Dataset excerpts
BEGIN
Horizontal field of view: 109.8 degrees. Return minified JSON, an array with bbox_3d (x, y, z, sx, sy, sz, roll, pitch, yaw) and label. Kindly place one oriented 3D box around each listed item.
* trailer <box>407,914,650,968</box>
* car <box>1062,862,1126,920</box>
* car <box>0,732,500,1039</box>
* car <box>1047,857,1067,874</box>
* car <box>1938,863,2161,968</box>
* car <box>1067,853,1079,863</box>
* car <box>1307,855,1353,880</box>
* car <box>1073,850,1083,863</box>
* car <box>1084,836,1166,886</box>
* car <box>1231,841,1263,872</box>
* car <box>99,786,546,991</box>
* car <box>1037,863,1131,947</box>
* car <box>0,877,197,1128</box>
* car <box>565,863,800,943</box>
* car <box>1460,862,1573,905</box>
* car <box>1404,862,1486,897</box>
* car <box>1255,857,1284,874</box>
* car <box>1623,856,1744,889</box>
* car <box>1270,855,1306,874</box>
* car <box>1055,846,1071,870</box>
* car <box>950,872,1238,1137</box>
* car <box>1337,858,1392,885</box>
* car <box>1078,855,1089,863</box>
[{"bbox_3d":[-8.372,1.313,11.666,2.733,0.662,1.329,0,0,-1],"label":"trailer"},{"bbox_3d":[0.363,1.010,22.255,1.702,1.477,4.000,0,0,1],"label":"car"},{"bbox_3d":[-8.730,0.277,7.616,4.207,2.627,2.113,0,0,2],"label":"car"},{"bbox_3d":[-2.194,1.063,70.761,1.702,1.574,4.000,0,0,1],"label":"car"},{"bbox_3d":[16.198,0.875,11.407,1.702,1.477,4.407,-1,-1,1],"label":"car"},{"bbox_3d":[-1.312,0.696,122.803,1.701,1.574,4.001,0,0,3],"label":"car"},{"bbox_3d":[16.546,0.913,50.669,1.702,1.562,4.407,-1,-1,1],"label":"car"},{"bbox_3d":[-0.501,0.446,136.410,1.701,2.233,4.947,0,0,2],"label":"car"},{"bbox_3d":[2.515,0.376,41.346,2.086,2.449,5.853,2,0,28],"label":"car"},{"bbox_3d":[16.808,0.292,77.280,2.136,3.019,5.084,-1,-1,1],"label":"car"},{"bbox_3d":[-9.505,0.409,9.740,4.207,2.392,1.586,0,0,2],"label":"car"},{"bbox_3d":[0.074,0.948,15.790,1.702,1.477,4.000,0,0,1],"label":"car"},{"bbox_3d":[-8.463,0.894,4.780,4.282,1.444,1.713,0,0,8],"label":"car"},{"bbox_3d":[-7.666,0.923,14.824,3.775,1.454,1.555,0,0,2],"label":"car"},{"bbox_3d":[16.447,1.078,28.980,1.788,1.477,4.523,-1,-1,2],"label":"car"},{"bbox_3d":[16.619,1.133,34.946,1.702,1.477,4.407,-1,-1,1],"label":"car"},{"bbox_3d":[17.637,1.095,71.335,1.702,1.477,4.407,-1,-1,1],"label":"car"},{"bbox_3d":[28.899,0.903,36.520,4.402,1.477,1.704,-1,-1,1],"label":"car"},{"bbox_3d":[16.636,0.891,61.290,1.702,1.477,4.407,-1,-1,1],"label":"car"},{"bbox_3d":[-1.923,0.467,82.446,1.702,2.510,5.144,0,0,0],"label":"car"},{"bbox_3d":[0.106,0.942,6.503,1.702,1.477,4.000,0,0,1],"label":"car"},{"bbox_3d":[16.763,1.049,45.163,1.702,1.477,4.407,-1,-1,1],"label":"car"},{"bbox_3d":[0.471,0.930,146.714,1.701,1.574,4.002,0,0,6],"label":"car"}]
END
TO DO:
All lines above should be output verbatim.

TASK RESULT:
Horizontal field of view: 109.8 degrees. Return minified JSON, an array with bbox_3d (x, y, z, sx, sy, sz, roll, pitch, yaw) and label. Kindly place one oriented 3D box around each listed item.
* trailer <box>407,914,650,968</box>
* car <box>1062,862,1126,920</box>
* car <box>0,732,500,1039</box>
* car <box>1047,857,1067,874</box>
* car <box>1938,863,2161,968</box>
* car <box>1067,853,1079,863</box>
* car <box>1307,855,1353,880</box>
* car <box>1073,850,1083,863</box>
* car <box>1084,836,1166,886</box>
* car <box>1231,841,1263,872</box>
* car <box>99,786,546,991</box>
* car <box>1037,863,1131,947</box>
* car <box>0,877,197,1128</box>
* car <box>565,863,800,943</box>
* car <box>1460,862,1573,905</box>
* car <box>1404,862,1486,897</box>
* car <box>1255,857,1284,874</box>
* car <box>1623,856,1744,889</box>
* car <box>1270,855,1306,874</box>
* car <box>1055,846,1071,870</box>
* car <box>950,872,1238,1137</box>
* car <box>1337,858,1392,885</box>
* car <box>1078,855,1089,863</box>
[{"bbox_3d":[-8.372,1.313,11.666,2.733,0.662,1.329,0,0,-1],"label":"trailer"},{"bbox_3d":[0.363,1.010,22.255,1.702,1.477,4.000,0,0,1],"label":"car"},{"bbox_3d":[-8.730,0.277,7.616,4.207,2.627,2.113,0,0,2],"label":"car"},{"bbox_3d":[-2.194,1.063,70.761,1.702,1.574,4.000,0,0,1],"label":"car"},{"bbox_3d":[16.198,0.875,11.407,1.702,1.477,4.407,-1,-1,1],"label":"car"},{"bbox_3d":[-1.312,0.696,122.803,1.701,1.574,4.001,0,0,3],"label":"car"},{"bbox_3d":[16.546,0.913,50.669,1.702,1.562,4.407,-1,-1,1],"label":"car"},{"bbox_3d":[-0.501,0.446,136.410,1.701,2.233,4.947,0,0,2],"label":"car"},{"bbox_3d":[2.515,0.376,41.346,2.086,2.449,5.853,2,0,28],"label":"car"},{"bbox_3d":[16.808,0.292,77.280,2.136,3.019,5.084,-1,-1,1],"label":"car"},{"bbox_3d":[-9.505,0.409,9.740,4.207,2.392,1.586,0,0,2],"label":"car"},{"bbox_3d":[0.074,0.948,15.790,1.702,1.477,4.000,0,0,1],"label":"car"},{"bbox_3d":[-8.463,0.894,4.780,4.282,1.444,1.713,0,0,8],"label":"car"},{"bbox_3d":[-7.666,0.923,14.824,3.775,1.454,1.555,0,0,2],"label":"car"},{"bbox_3d":[16.447,1.078,28.980,1.788,1.477,4.523,-1,-1,2],"label":"car"},{"bbox_3d":[16.619,1.133,34.946,1.702,1.477,4.407,-1,-1,1],"label":"car"},{"bbox_3d":[17.637,1.095,71.335,1.702,1.477,4.407,-1,-1,1],"label":"car"},{"bbox_3d":[28.899,0.903,36.520,4.402,1.477,1.704,-1,-1,1],"label":"car"},{"bbox_3d":[16.636,0.891,61.290,1.702,1.477,4.407,-1,-1,1],"label":"car"},{"bbox_3d":[-1.923,0.467,82.446,1.702,2.510,5.144,0,0,0],"label":"car"},{"bbox_3d":[0.106,0.942,6.503,1.702,1.477,4.000,0,0,1],"label":"car"},{"bbox_3d":[16.763,1.049,45.163,1.702,1.477,4.407,-1,-1,1],"label":"car"},{"bbox_3d":[0.471,0.930,146.714,1.701,1.574,4.002,0,0,6],"label":"car"}]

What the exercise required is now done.